The woman’s daughter was in the worst plight imaginable and it would take a very hard heart not to be moved to action by it. Yet here was the most compassionate man who ever existed, acting and speaking with typical Jewish exclusiveness and showing unwillingness to help.

The disciples re-acted accordingly and bade Jesus send the woman away because she was becoming a nuisance

  • Maybe this woman had caught Jesus at a bad time, perhaps in a time of weariness or despondency?
  • Or did Jesus have one persona for the nation of the Jews and quite another for the Heathen gentiles?
  • Did He have a “public face”, or was He in fact quite a different person away from the public gaze?

If Christ was any of these things it was a great departure from all that He showed Himself to be up to this point.

There was a lot more going on here than what appeared to the casual observer.

The answer Jesus gave to the woman’s plea for help gave little to encourage her and too many may have seemed rather hurtful in that He compared the gentiles to pets worthy only of scraps.

This woman however had no intention of being put off; she was not the sort who would be discouraged by difficulties placed in her path: her daughters need was such that only Jesus, the proven healer of all manner of diseases could help her and if it took humbling herself to the position of a beggar she would.

If she as a gentile and alien was of no more consideration than a dog, only worthy of scraps, she would recieve them and be thankful .

Like an apparently stern father that moves further away and bids his unsteady infant to come to him, Jesus had drawn out the faith of this woman for all to see and emulate.

28 Then Jesus said to her, “O woman, your faith is great; it shall be done for you as you wish.” And her daughter was healed at once. Matthew 15:28

For all His disciples, then and now, with their small and deficient faith, Jesus objectifies the necessity and possibilities of great faith in the great Saviour and bids them believe and do likewise.

Christ demonstrates here, that though sometimes he seems far away and we may be conscious of our unworthiness, he is no less willing to save and help.

He also shows that it is only our lack of persistence in prayer and feeble faith that holds us back from growth in grace and victory over sin and fear.

We today, think of God merely as a cornucopia who gives instantly and on demand. If this were the case what need would there be for faith.

He departs from us that we may seek Him more diligently. He delays the answers to our prayers that we may pray more fervently and grow spiritually.

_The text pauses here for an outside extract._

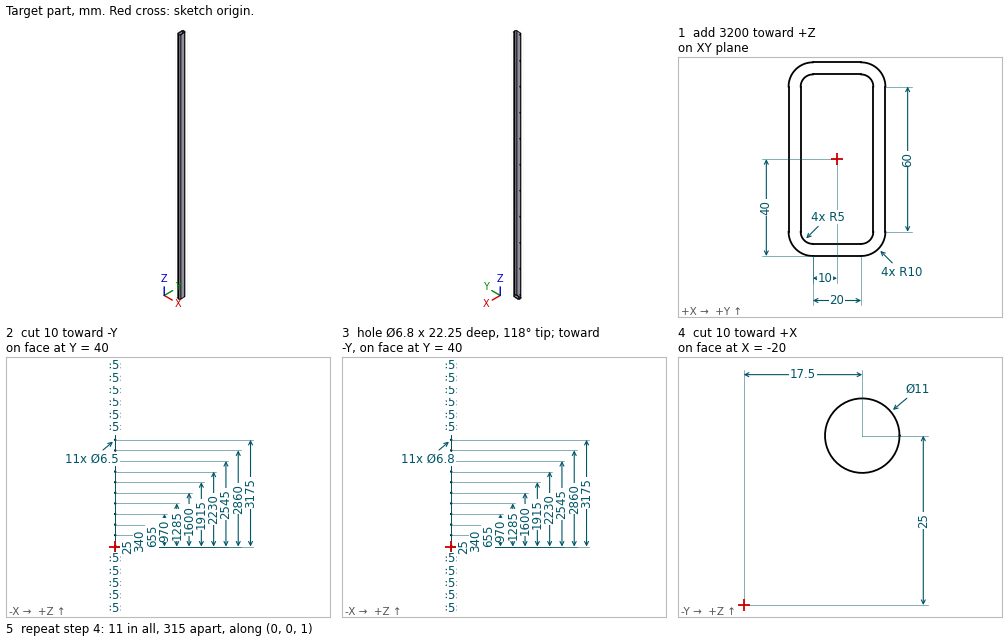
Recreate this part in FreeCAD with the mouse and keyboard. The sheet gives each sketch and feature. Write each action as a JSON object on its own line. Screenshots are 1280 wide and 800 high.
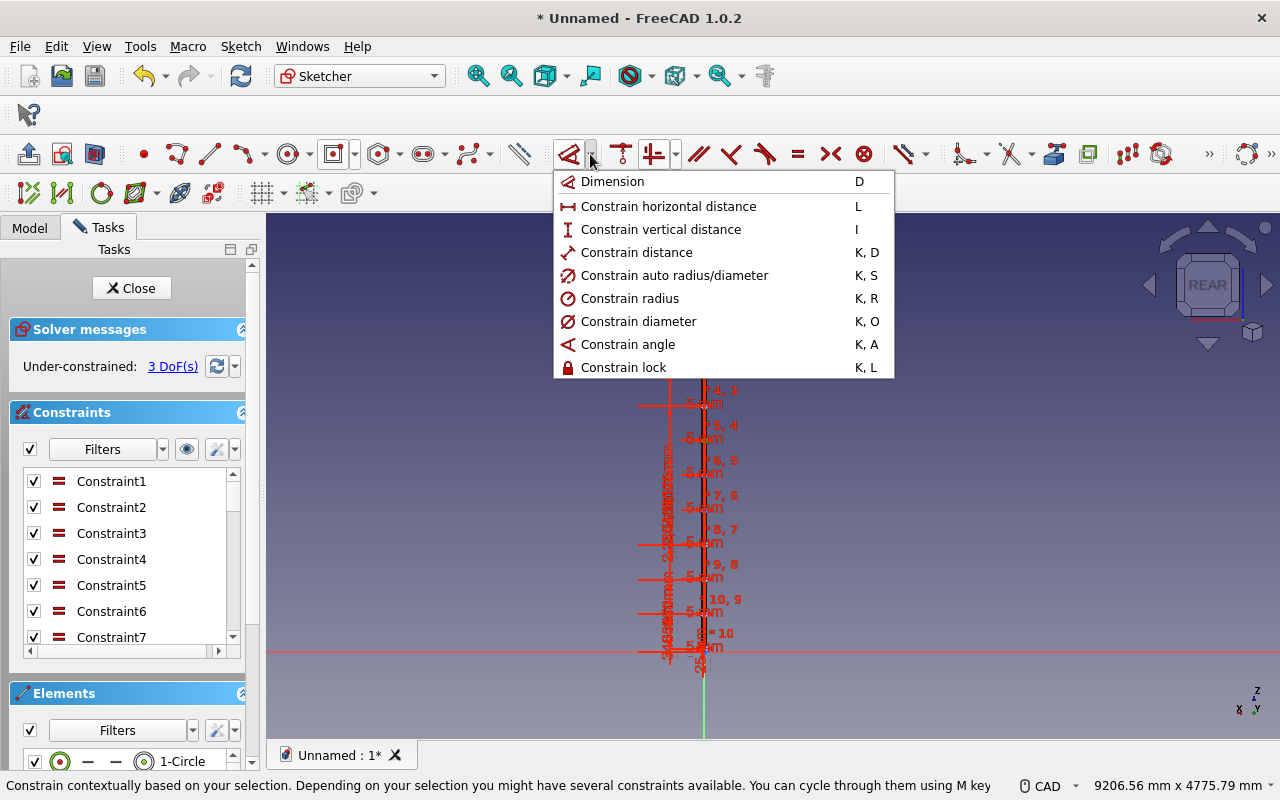
{"action": "left_click", "coordinate": [724, 230]}

Had Jesus immediately ceded to this woman’s plea she would have been just one of the great numbers of nameless beneficiaries of his power and healing. Instead she is now an object lesson of the importance of powerful faith in the followers of Jesus.

Her short discomfort at Christ’s seeming refusal is repaid abundantly not only by the healing of her daughter but by the confirmation of her faith and its being placed in the one truly worthy of it.

God grant us like faith.

Nurture and Admonition

Fathers, do not provoke your children to anger, but bring them up in the discipline and instruction of the Lord. Ephesians 6:4

The Authorized has it “The nurture and admonition of the Lord”.

While this verse specifically refers to children of Christian parents it surely has a wider application to the attitude of God’s children to His teaching and discipline.

In the days of the Judges, “Everyone did what was right in their own eyes”, if ever an age could be described like this, it is this one in which we live.

This is not a very teachable age. People nowadays do not react well to correction or admonition. Not everyone is called upon to exercise these functions but for those who are it is certainly getting harder.

In the Church especially the function of pastor and teacher has, as it seems to me greatly diminished. What is worse is the teach- ability and correct- ability of the taught is at a very low level. The emphasis today is not so much teaching and equipping the followers of Christ to live holy lives but instead it is more about offering them purpose and fulfillment. These are not wrong but they are essentially man-centered and not God-centered.

Today we hear a great deal of the need to deal with negative thoughts and behaviours but very little about the need to mortify our remaining sin and practical Christian living in an otherwise Christ less world.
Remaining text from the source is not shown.